Ask HN  On freelance sites, is there a bias towards hiring people from the US? - hwf829


======
jasonkester
All other things equal, probably.

People hiring on freelance sites are looking for the perfect Silicon Valley
genius programmer who inexplicably turned down a six figure offer with
Facebook to strike out on his own and charge $15/hr for his time on
Rentacoder.

They really do expect to find this person, and are therefore shocked to see
the candidates that are actually available. They'll naturally try to sift
through the heap and find the person closest to their ideal, and, being non-
technical, the only thing they really have to go on is writing style.

So the "dear sir look no further we are A++++++ professional company" guys all
red-flag themselves out of the competition leaving the one dude in Iowa who
bothered to put together a complete sentence.

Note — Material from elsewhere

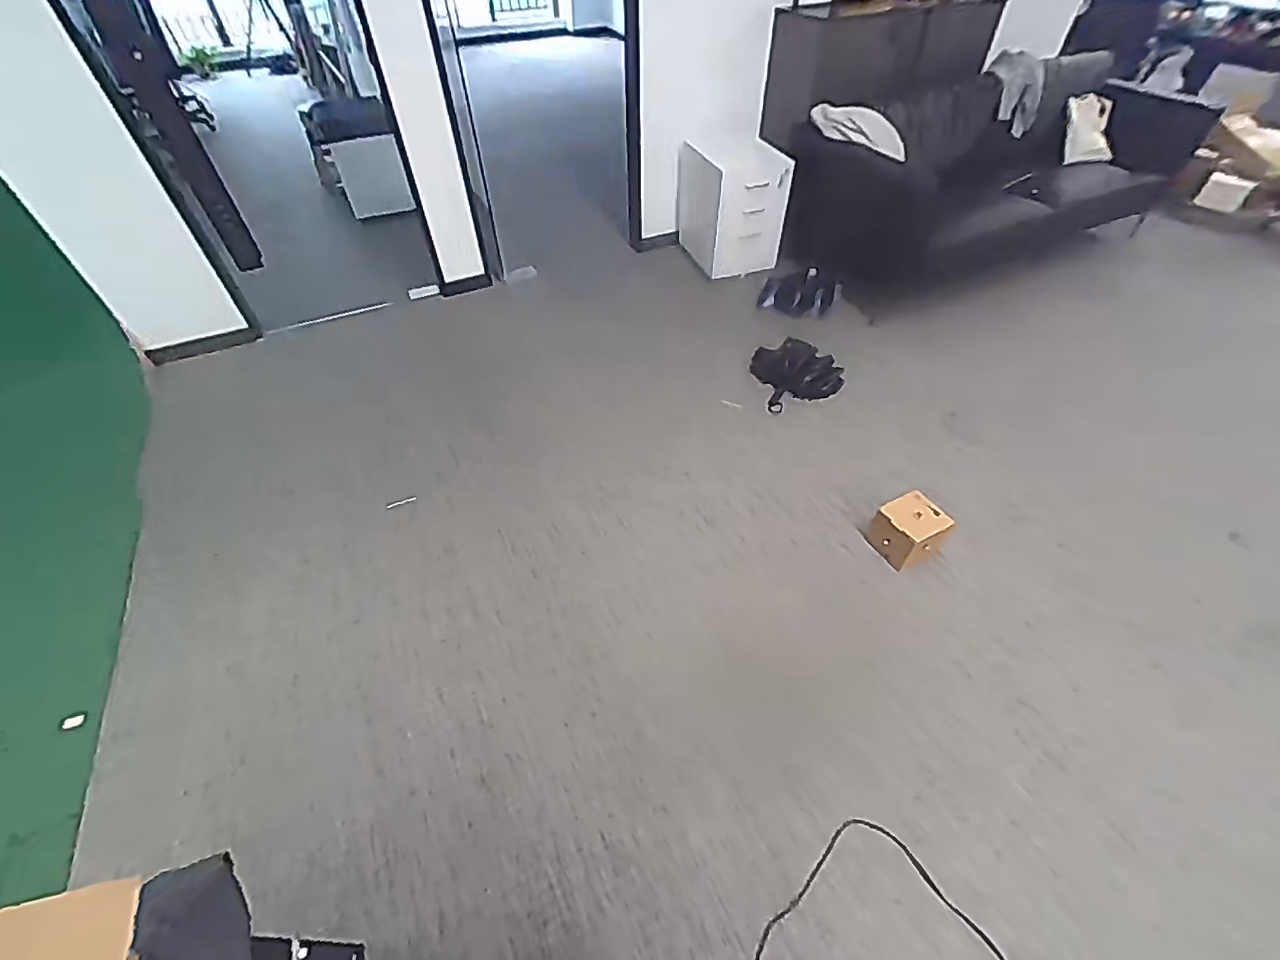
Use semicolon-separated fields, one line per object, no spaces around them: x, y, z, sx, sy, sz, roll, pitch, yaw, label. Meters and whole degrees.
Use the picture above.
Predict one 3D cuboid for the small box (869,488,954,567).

The takeaway from this is that if you're offshore, the best thing you can do
is work on your English. Preferably your casual proposal-writing English,
since the half dozen sentences you put together for a bid will likely be the
only thing a potential client ever reads. Unless that looks right, it doesn't
matter what your technical skills are like. Nobody will ever get around to
asking.

------
mk3
It depends. Some US entities are keen to hire US based freelancers, just to be
'more' safe. Others do not care, and hire freelancer with best proposal/price.
Also some hire people to make their critical product for pennies, and then
complain that the freelancers suck at their work. As for my experience US
people mostly care that you will be available during their working hours.

------
p_l
I have seen bias based on operating hours which can benefit USA based
freelancers, but rarely I had seen someone explicitly wanting someone from USA
when the job didn't involve on-site work.

OTOH, I have actually seen jobs restricted to countries marked as "developing
economies" in order to take only the cheaper bids.